Скачков с интересом посмотрел на дневального. Впервые человек, который сидел в колонии, так раскрывался перед ним. Начальник отряда старался не потерять нить разговора и одновременно пытался понять, к чему клонит дневальный, где тут подвох.
– Я же первый раз сижу, Николаич, – продолжил дневальный.
– Не может быть. «Первоходы» у нас не сидят.
– Судимость вторая, – пояснил Иванов. – Мне условно давали, а потом я человека убил. Я плохой был человек. Я думал, что я самый лучший, самый умный. Мы тогда, если бы захотели, могли бы города брать. Представь, что у тебя друзей не пять, не десять, а десять тысяч! Конечно, я был плохим человеком.
– Что значит «плохим»?
– Я ногу гаишнику прострелил. Он меня остановил, я ему взятку дал, а он взял. Я ему ногу прострелил. Ты же должен меня оштрафовать, а ты деньги берёшь, говорю ему. А он: у меня семья, дети, не убивай. – Зэк вытащил из кармана пачку, достал сигарету, покрутил в руках и спрятал обратно. – А один раз я четыре часа битой бил троих коммерсов, а одному ухо отрезал, потому что они детям шоколадку не дали. А дети были бездомные, голодные.
Глаза у Серого блестели.
– А сколько у меня женщин было! – Он вскочил со стула и в волнении заходил по кабинету. – Тому, кто создан для игры, всегда хорошо в женском обществе. Женщины – благодарная публика. Они многое готовы терпеть, если ты умеешь зажигать огонь восхищения в их глазах.

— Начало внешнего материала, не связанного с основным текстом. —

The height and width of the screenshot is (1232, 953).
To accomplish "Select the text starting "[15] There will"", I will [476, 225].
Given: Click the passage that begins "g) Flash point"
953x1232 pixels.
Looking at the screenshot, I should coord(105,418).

– Ты с чего разоткровенничался? – прищурился Скачков.
– А не знаю, – наклонившись к нему, ответил дневальный и снова зашагал по кабинету. – Хочу так сегодня. Карты под стол, стволы на стол! Должен же я хоть с кем-то раз за срок начистоту поговорить! Без оглядки! Как с психологом или с психиатром, в моём случае. Может, это из-за бумажки этой. – Задумавшись, он медленно присел обратно к столу.

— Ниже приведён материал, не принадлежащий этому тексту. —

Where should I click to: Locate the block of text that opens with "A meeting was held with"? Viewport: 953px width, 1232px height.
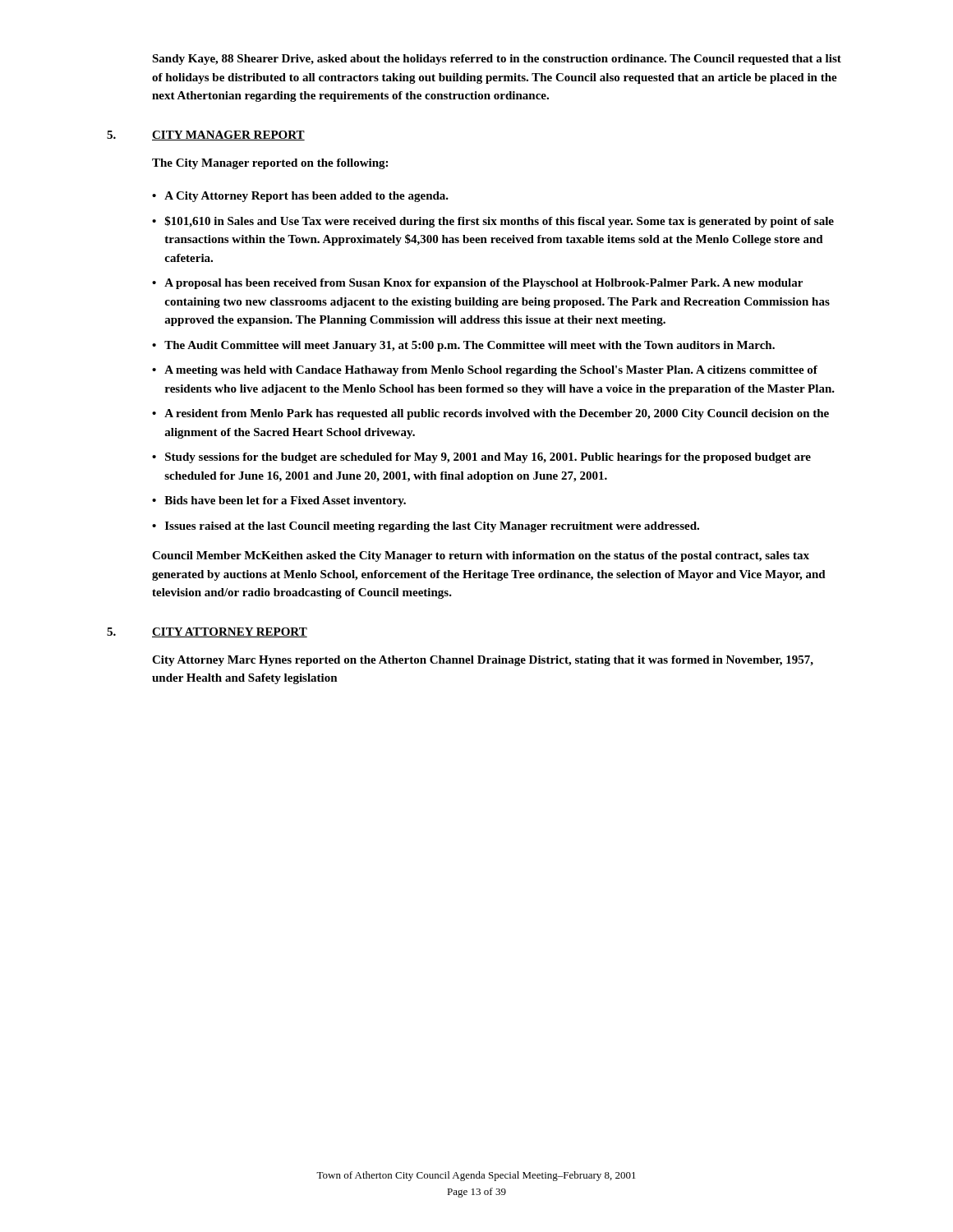tap(505, 379)

– Знаешь, в чём наша разница, Серый? – задумчиво сказал начальник отряда. – В том, что у меня есть идеалы, а ты свои давно потерял. Ещё тогда. Посмотри на себя. Ты же разочаровавшийся романтик. Циничный романтик. Хочешь, чтобы людям было хорошо, молодец. Но методы-то… – Теперь уже старлей уставился в глаза дневальному. – Я верю в добро. Просто так верю. Мне для этого не нужно никому уши отрезать. Мне даже не нужно ненавидеть вас, осуждённых: бандитов, убийц, насильников, людоедов, воров… Добро есть. Для этого ничего не нужно делать. Нужно просто это знать. Знать и поступать по совести.
– Ты хороший человек, Володя, – вздохнул зэк Иванов. – Была бы моя воля, я прямо сейчас отпустил бы тебя домой. – Он махнул рукой, потёр лоб, вспоминая, что хотел сказать, и продолжил: – Цинизм – это искушение, одолевающее все умы. Ты ещё не поддался, но уже вот-вот… Надеюсь, я не увижу, как ты превратишься в циника.
Он сел на стул, ссутулился, сложил руки перед собой в замок. Скачкову показалось, что дневальный постарел за время разговора. Теперь это был не жиган, не топотун, а уставший человек с морщинистым худым лицом, большими залысинами, узловатыми пальцами и печальными карими глазами.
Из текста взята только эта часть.